>>

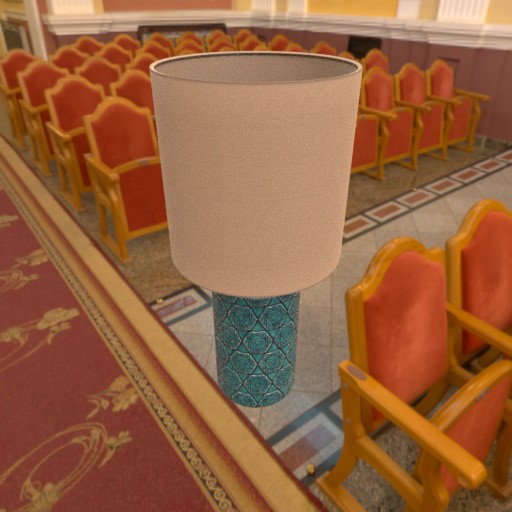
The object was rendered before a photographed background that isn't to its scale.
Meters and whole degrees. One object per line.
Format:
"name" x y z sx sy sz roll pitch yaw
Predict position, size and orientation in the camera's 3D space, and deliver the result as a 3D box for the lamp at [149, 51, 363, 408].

<<

> [WHAT THE TASK ASKS]: Reproduce the listing verbatim, and keep the pictures out of the copy.

> [SOLUTION TO THE PROBLEM]:
The object was rendered before a photographed background that isn't to its scale.
Meters and whole degrees. One object per line.
Format:
"name" x y z sx sy sz roll pitch yaw
Predict position, size and orientation in the camera's 3D space, and deliver the result as a 3D box for the lamp at [149, 51, 363, 408].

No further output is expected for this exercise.